Note that this could be computed once :math:`s` and :math:`B` are known,
but this allows the caller to re-use an already computed tangent vector.
:type tangent_vec: :c:expr:`const double*`
:param s:
**[Input]** The parameter :math:`s` where the curvature is being
computed.
:type s: :c:expr:`const double*`
:param curvature:
**[Output]** The signed curvature :math:`\kappa`.
:type curvature: :c:expr:`double*`
**Signature:**
.. code-block:: c
void
BEZ_get_curvature(const int *num_nodes,
const double *nodes,
const double *tangent_vec,
const double *s,
double *curvature);
**Example:**
.. literalinclude:: example_get_curvature.c
:language: c
:dedent: 4
:lines: 18-28
.. image:: ../images/get_curvature.png
:align: center
.. testcode:: example-get-curvature
:hide:
build_and_run_c("example_get_curvature.c")
.. testoutput:: example-get-curvature
:options: +NORMALIZE_WHITESPACE
:windows-skip:
$ INCLUDE_DIR=.../libbezier-release/usr/include
$ LIB_DIR=.../libbezier-release/usr/lib
$ gcc \
> -o example \
> example_get_curvature.c \
> -I "${INCLUDE_DIR}" \
> -L "${LIB_DIR}" \
> -Wl,-rpath,"${LIB_DIR}" \
> -lbezier \
> -lm -lgfortran
$ ./example
Curvature: -12.000000
.. c:function:: void BEZ_locate_point_curve(const int *num_nodes, \
const int *dimension, \
const double *nodes, \
const double *point, \
double *s_approx)
This solves the inverse problem :math:`B(s) = p` (if it can be
solved).
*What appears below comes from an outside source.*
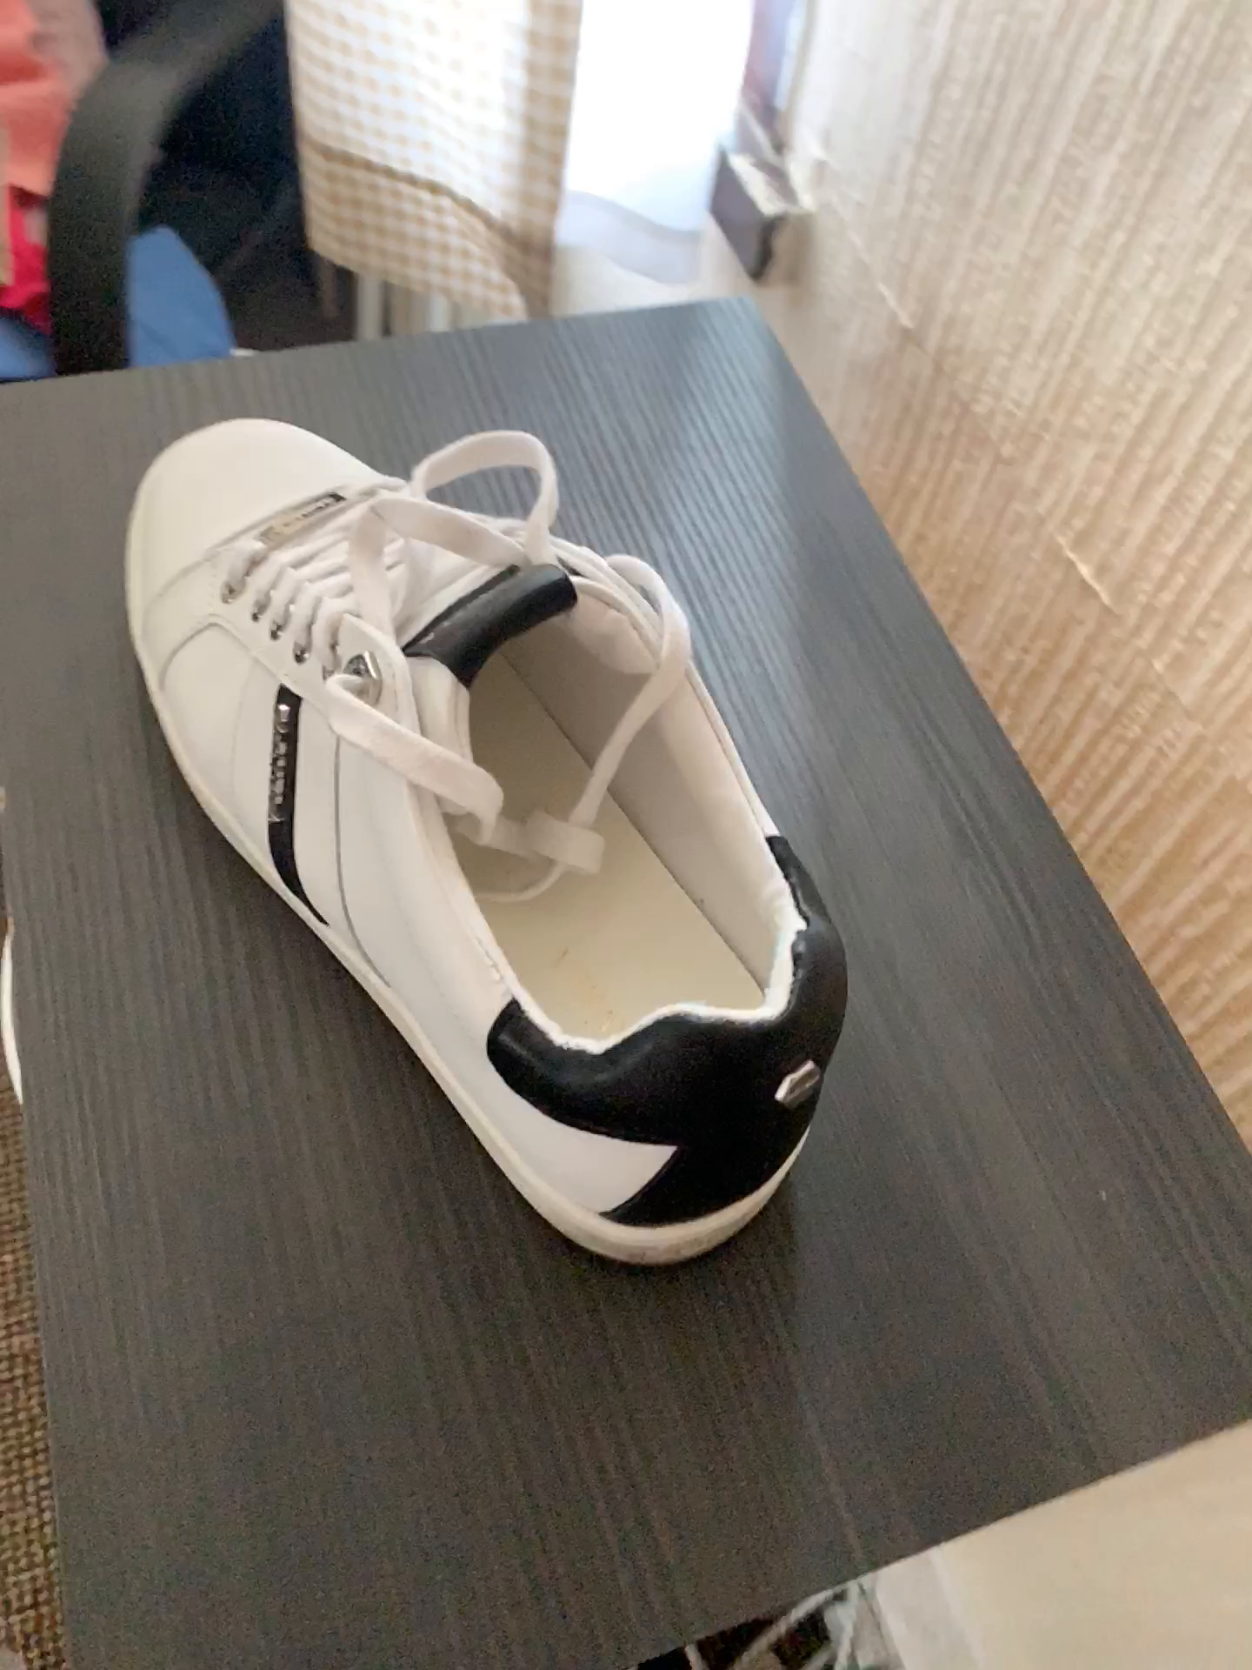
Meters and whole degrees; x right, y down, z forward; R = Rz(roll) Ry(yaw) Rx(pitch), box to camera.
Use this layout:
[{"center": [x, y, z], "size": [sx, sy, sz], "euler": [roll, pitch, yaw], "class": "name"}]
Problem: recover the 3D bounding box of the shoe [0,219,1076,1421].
[{"center": [-0.044, -0.020, 0.297], "size": [0.104, 0.087, 0.261], "euler": [-31, 65, -24], "class": "shoe"}]

Does so by subdividing the curve until the segments are
sufficiently small, then using Newton's method to narrow in on the
pre-image of the point.
:param num_nodes:
**[Input]** The number of control points :math:`N` of a
B |eacute| zier curve.
:type num_nodes: :c:expr:`const int*`
:param dimension:
**[Input]** The dimension :math:`D` such that the curve lies in
:math:`\mathbf{R}^D`.
:type dimension: :c:expr:`const int*`
:param nodes:
**[Input]** The actual control points of the curve as a
:math:`D \times N` array. This should be laid out in Fortran order,
with :math:`D N` total values.
:type nodes: :c:expr:`const double*`
:param point:
**[Input]** The point :math:`p` as a :math:`D \times 1` array.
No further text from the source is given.